She blinked at me rapidly.
 
“I didn't say that.”

I nodded thoughtfully, and considered the caution, bordering fear, which had lived with her in this space she called home.
 
“Is that why your house looks like a man lives here?
 
Why there are no photographs of you anywhere?”

She got up and left the room for a moment.
 
I was about to apologize for my indiscretion when she came back with a pair of men's pants.
 
She held them up in front of me, and smiled.
 
“Close enough?” she wanted to know.

“The legs are a bit long, but the waist looks about right.”

“Good.
 
I'll cut and cuff them for you.
 
The alternative is to cut and patch the hole and area of dried blood from those other pants with material, but this is easier.”

“You have a sewing machine?”

“No, I have band saw.
 
It's out back.
 
I've taken up woodworking.”

I chuckled involuntarily.
 
“Do you have men's underwear too?”

“Why—don't you want to wear mine?”
 
The question took me by surprise.
 
Her too.
 
Then, after breaking the tension I felt with a grin, she surprised me again by sitting on the arm of the couch right next to me.
 
“Do you know what it's like to live in a prison of your own making, Alan?”

“I . . . think I know what that's like.”

“Do you?”
 
She studied my face.
 
“Retired people live in gated communities where all the houses look the same—close together, no yards.
 
Like in a prison.
 
But even out here, in all this vast expanse, you come to have a different sense of self, too.
 
Big city life seems remote, alien.
 
No one is in a hurry.
 
Afternoons are long.”
 
She paused.
 
“It's different, but for me it's the same.
 
As a visitor, you aren't afraid to tell me who you are, but I can't tell you.
 
Do you know how that is—not feeling you're home, not sharing your past with someone?
 
Only the present moment?”

“All we have is the present.
 
But you're right, the past made us who we are.”

“No one can know me like they know you, that's right.
 
My name's not even Julie.”

“Doesn't matter.
 
A rose by the name of
Gertie
is just as beautiful.”

Trite though it sounded, she smiled.
 
“My name's not
Gertie
, either.”
 
She looked down and pursed her lips, as though deciding whether to throw off the other part of my comment.
 
“And I'm not beautiful, either.”

“The eye of this beholder thinks otherwise,” I maintained, almost at a whisper.
 
“And how you got here isn't as important as who you are now.”
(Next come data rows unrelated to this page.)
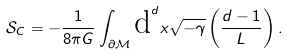<formula> <loc_0><loc_0><loc_500><loc_500>\mathcal { S } _ { C } = - \frac { 1 } { 8 \pi G } \int _ { \partial \mathcal { M } } \text {d} ^ { d } x \sqrt { - \gamma } \left ( \frac { d - 1 } { L } \right ) .</formula> 
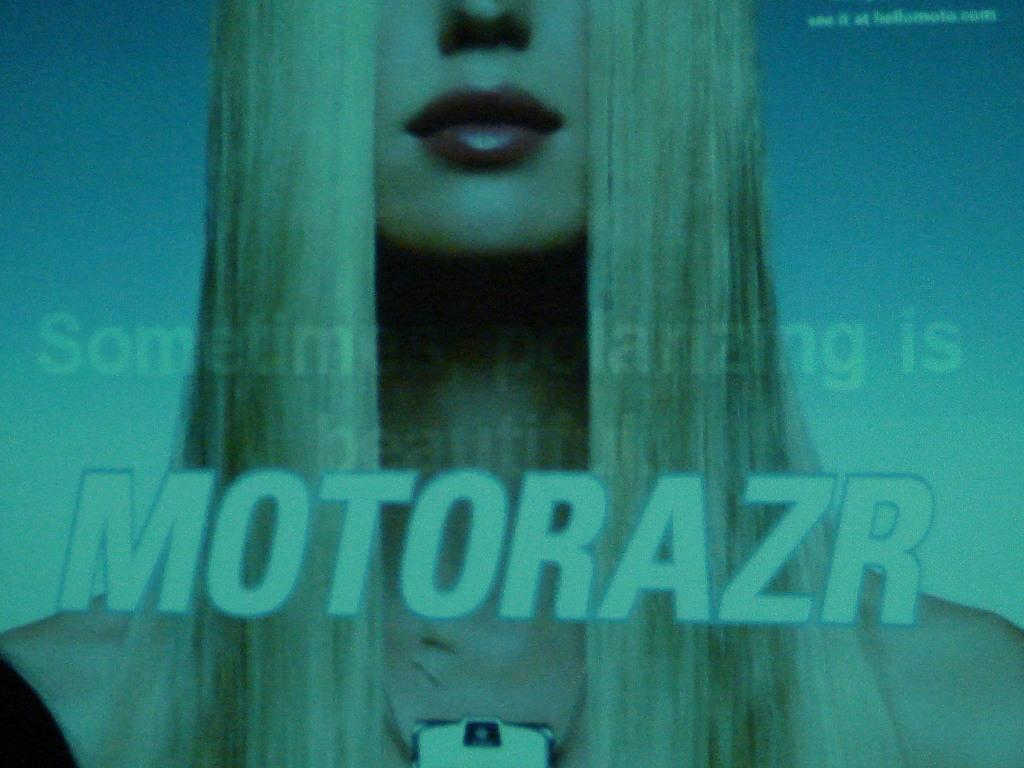Who is present in the image? There is a woman in the image. What else can be seen in the image besides the woman? There is text in the middle of the image. What type of cushion is the kitten sitting on in the image? There is no cushion or kitten present in the image. What is the weather like in the image? The provided facts do not mention any information about the weather, so it cannot be determined from the image. 
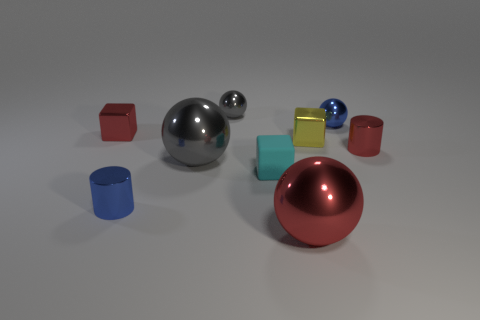Subtract all cylinders. How many objects are left? 7 Subtract 1 gray balls. How many objects are left? 8 Subtract all big red spheres. Subtract all small spheres. How many objects are left? 6 Add 8 small blue metal balls. How many small blue metal balls are left? 9 Add 7 small blue cylinders. How many small blue cylinders exist? 8 
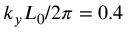<formula> <loc_0><loc_0><loc_500><loc_500>k _ { y } L _ { 0 } / 2 \pi = 0 . 4</formula> 
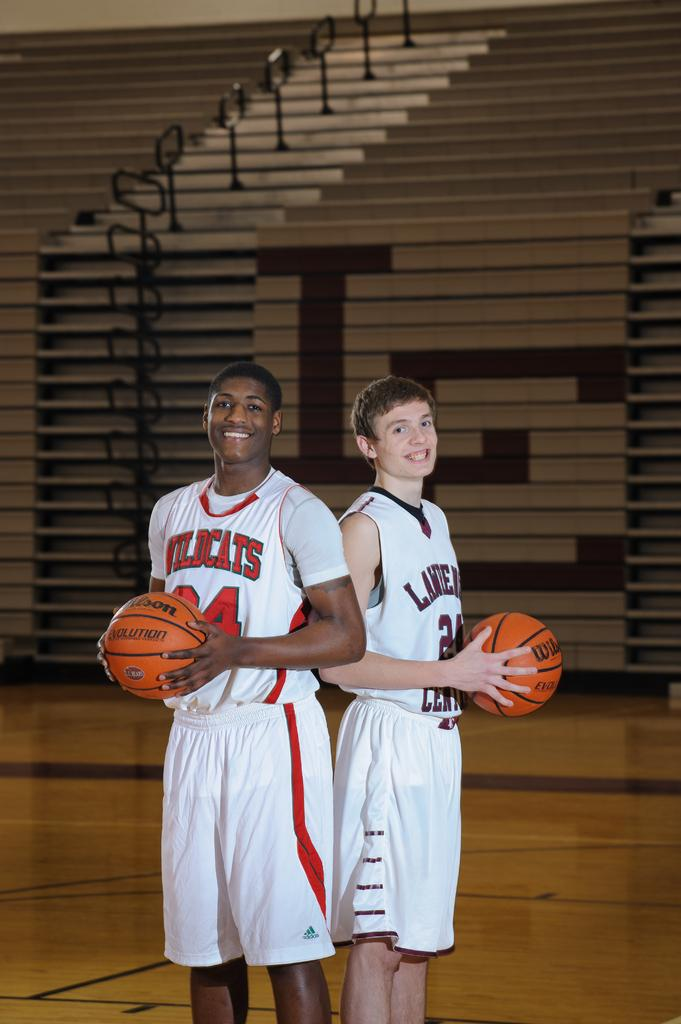<image>
Render a clear and concise summary of the photo. A boy in a Wildcats uniform stands next to another boy for a photo. 
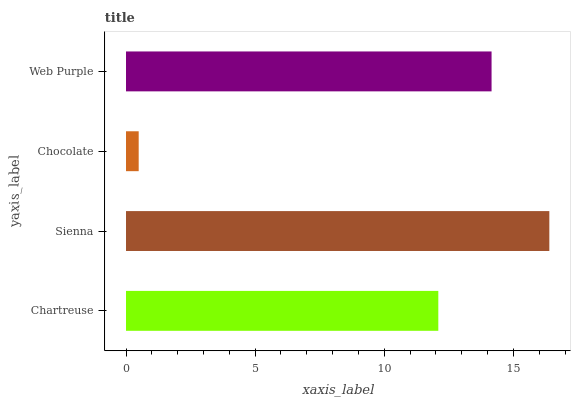Is Chocolate the minimum?
Answer yes or no. Yes. Is Sienna the maximum?
Answer yes or no. Yes. Is Sienna the minimum?
Answer yes or no. No. Is Chocolate the maximum?
Answer yes or no. No. Is Sienna greater than Chocolate?
Answer yes or no. Yes. Is Chocolate less than Sienna?
Answer yes or no. Yes. Is Chocolate greater than Sienna?
Answer yes or no. No. Is Sienna less than Chocolate?
Answer yes or no. No. Is Web Purple the high median?
Answer yes or no. Yes. Is Chartreuse the low median?
Answer yes or no. Yes. Is Chartreuse the high median?
Answer yes or no. No. Is Chocolate the low median?
Answer yes or no. No. 
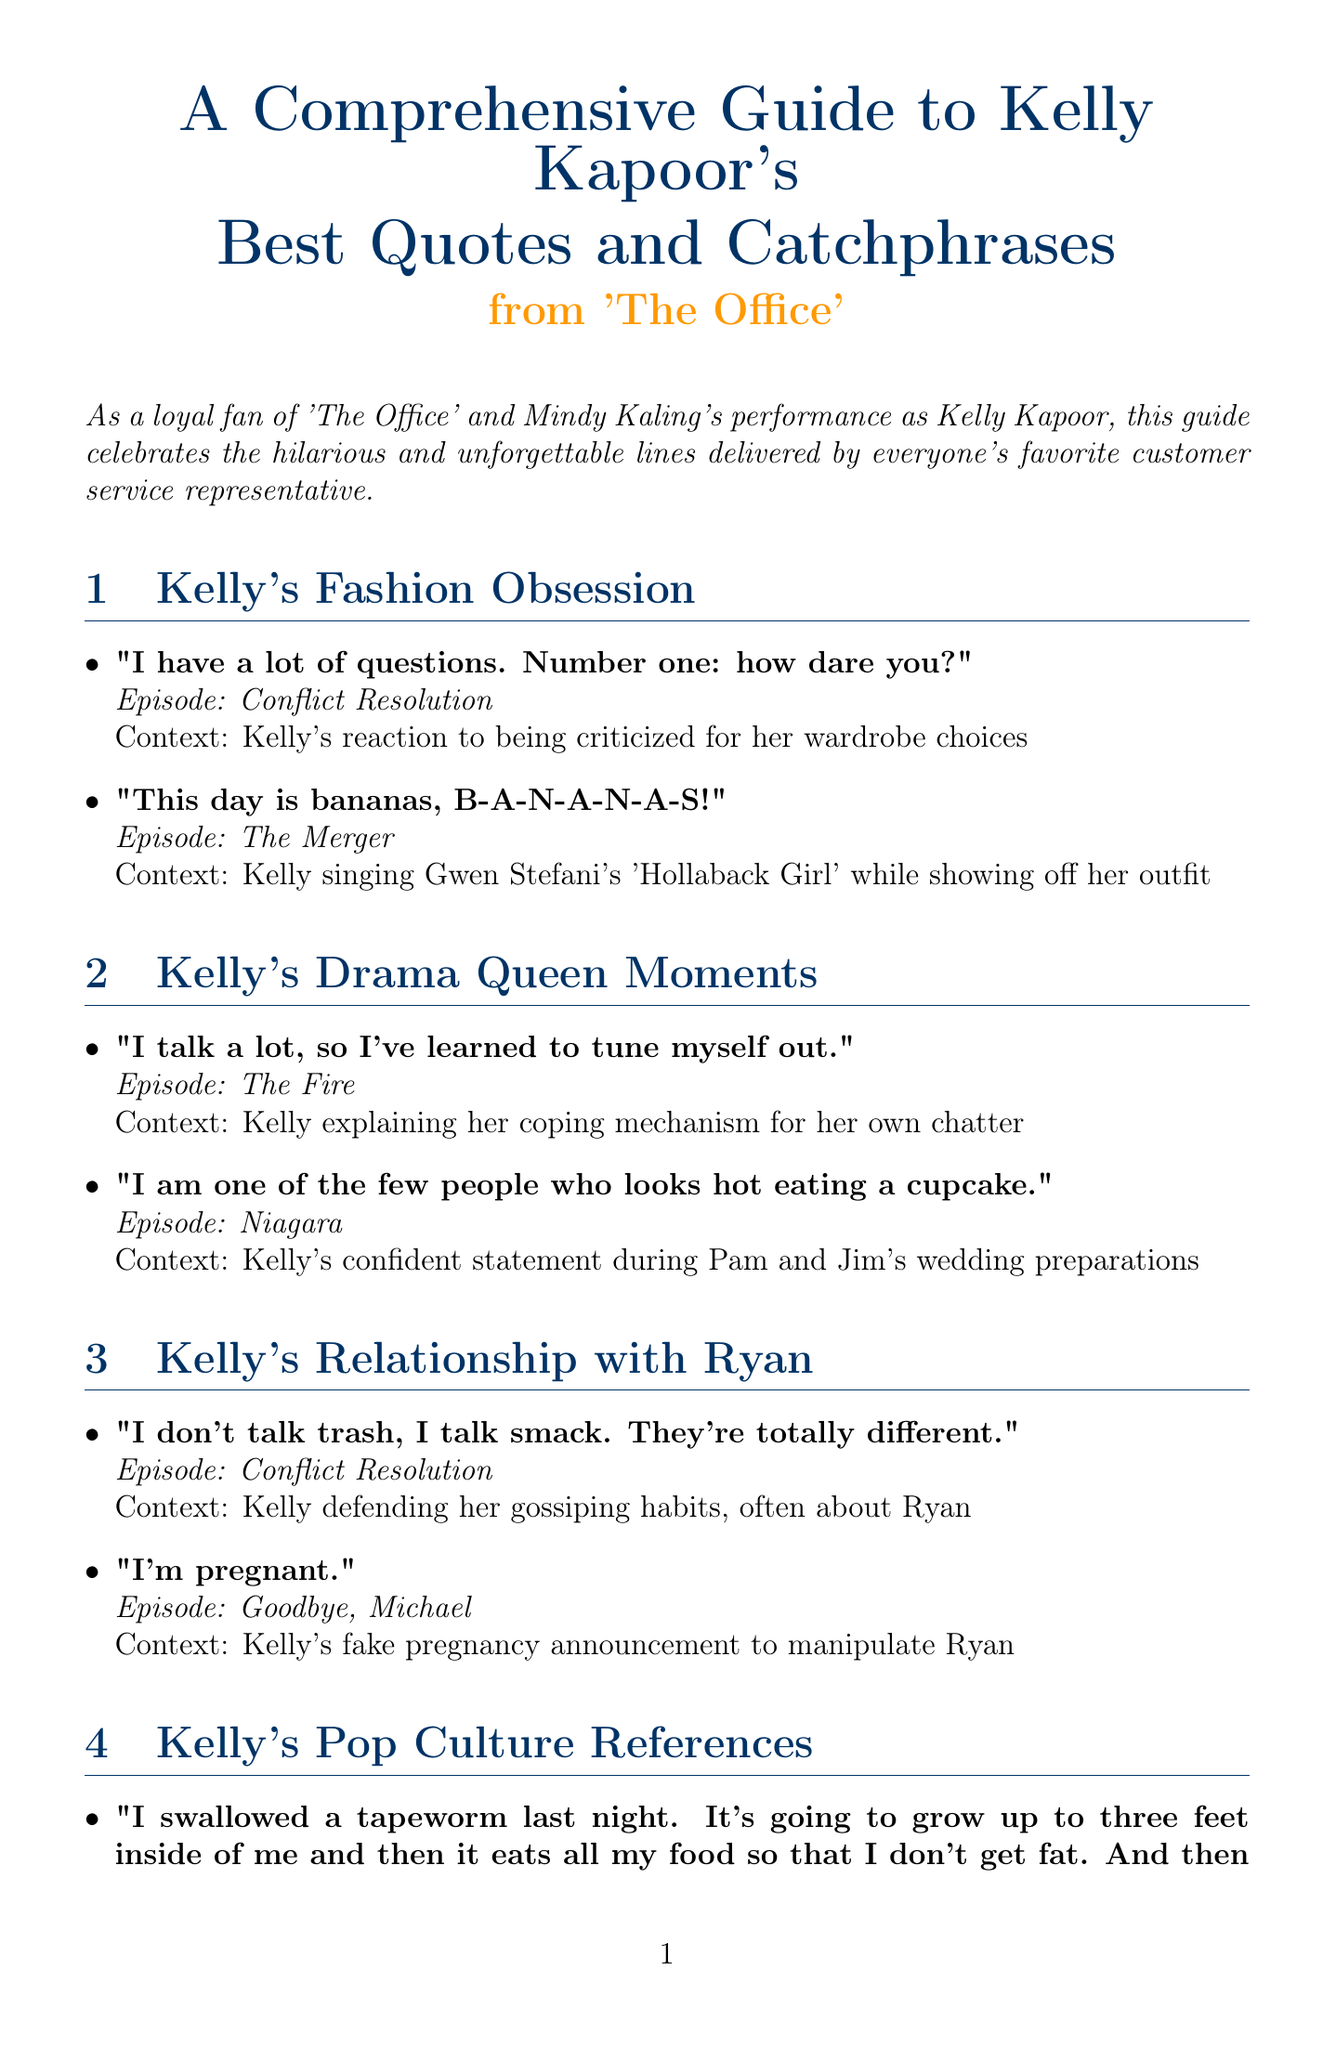What is the title of the guide? The title is explicitly stated at the beginning of the document as "A Comprehensive Guide to Kelly Kapoor's Best Quotes and Catchphrases from 'The Office'."
Answer: A Comprehensive Guide to Kelly Kapoor's Best Quotes and Catchphrases from 'The Office' Who portrayed Kelly Kapoor? The introduction notes that Mindy Kaling's performance is celebrated in the guide, indicating she portrayed Kelly Kapoor.
Answer: Mindy Kaling In which episode does Kelly say, "I have a lot of questions. Number one: how dare you?" Each quote is followed by the episode name; this quote is from "Conflict Resolution."
Answer: Conflict Resolution What phrase does Kelly use to emphasize her outfit excitement in "The Merger"? The document mentions the specific quote, "This day is bananas, B-A-N-A-N-A-S!" indicating her excitement about her outfit in that episode.
Answer: This day is bananas, B-A-N-A-N-A-S! What is one of Kelly's coping mechanisms she mentions in "The Fire"? Kelly states, "I talk a lot, so I've learned to tune myself out," which gives insight into her coping mechanism.
Answer: I talk a lot, so I've learned to tune myself out What concept does Kelly reference in "Weight Loss"? In this episode, Kelly mentions a tapeworm and a questionable weight loss method.
Answer: A tapeworm What does Kelly joke about in "Money"? There is a notable quote where she references getting hit by a bus in relation to her job, making a joke about insurance fraud.
Answer: Getting hit by a bus Which section includes Kelly's quotes about her relationship with Ryan? The guide organizes quotes into sections, and this specific theme is found in "Kelly's Relationship with Ryan."
Answer: Kelly's Relationship with Ryan Name one additional resource mentioned in the document. The document lists several additional resources, one of which is "The Office Ladies Podcast."
Answer: The Office Ladies Podcast

She scanned the floor, as if she'd lost something down there, or I had.
 
“Who am I, then?
 
A teacher, pretending in a small town.
 
A spinster, an actor.
 
Hiding here alone.”

“No,” I said.
 
“Not alone.
 
Not anymore.”
 
Her gaze seemed frozen on one spot beneath her, but she said nothing.
 
“After all,” I confessed, “what am I?
 
A bachelor, also in hiding.
 
Afraid of . . . whatever.
 
I'm an actor, too.
 
When the women I once dated didn't care for the real me, I began to pretend I was someone else.
 
That didn't work either, but out of habit I never stopped pretending, even with myself.
 
Then all my friends got married, and suddenly they didn't have any free time.
 
I felt abandoned.
 
Like they dropped out of the world.
 
Except it's their world, really, isn't it?
 
Not mine.
 
I'm the one who dropped out of theirs.
 
And then I wasn't in anyone's demographic anymore.
 
The advertisers don't target me now because I'm not up and coming.
 
And I'm not already there either, wherever there is.
 
Career, marriage—where do I fit in?
 
Too soon for early retirement.
 
Too soon to sell me an assisted living condo yet, or even a time share on a cemetery plot.
 
So who am I to anyone?
 
A bachelor, a social outcast, frowned on by everyone.
 
Even by the vast almighty and sacred sporting industry.”

“Alan, the holdout,” she noted, glancing up with a wry but plaintive smile.
 
“What about your family?”

“Sister and father still alive.
 
Rachel's nice, you'd like her.”

“And your dad?”

“We haven't really spoken in years.
 
Wouldn't know what to say.”

“Say anything.
 
Say, ‘Hi Dad, how you doing?'
 
Then take him to dinner.”

“He lives in Florida, since a stroke took Mother.”

“Is he okay there?”

“Had a nervous breakdown years ago, but he's fine.
 
By now I'll bet he's hooked up with some nudist who has four grown kids . . . some liberal lady shares weed with him by candlelight in her Jacuzzi.”

“You bet?”

“If I were him.”

“Really.”
 
She looked dubious, now.

“So how's your relationship with your old man?”

“He's not an old man yet.”

“I didn't mean—”

“I know, silly.
 
But I can't talk about that.
 
And don't change the subject.
 
Promise me you'll go to Florida, take him to dinner?”

“Okay, Florida it is,” I said.
 
“Guess I need to see how geezers live, since it's inevitable I'll become one someday.
 
Time does that to men.”

“Yeah?
 
What's it do to women?”

“Makes you into little old ladies need help crossing the street.”

“Sounds nicer.”

“Women tend to be nicer.
 
That may be why you live longer.
 
Unless you're bitches, in which case you live a lot longer.”

She smiled, then asked, “What about love?”

“Old folks do it too, I think.
 
They just don't make movies about it.”

She chuckled.
 
“No, silly, I mean—”

“I know what you mean.
 
And I never really thought about how it might last.
 
The real thing, I mean.
 
At least I didn't until I came here, and found you.”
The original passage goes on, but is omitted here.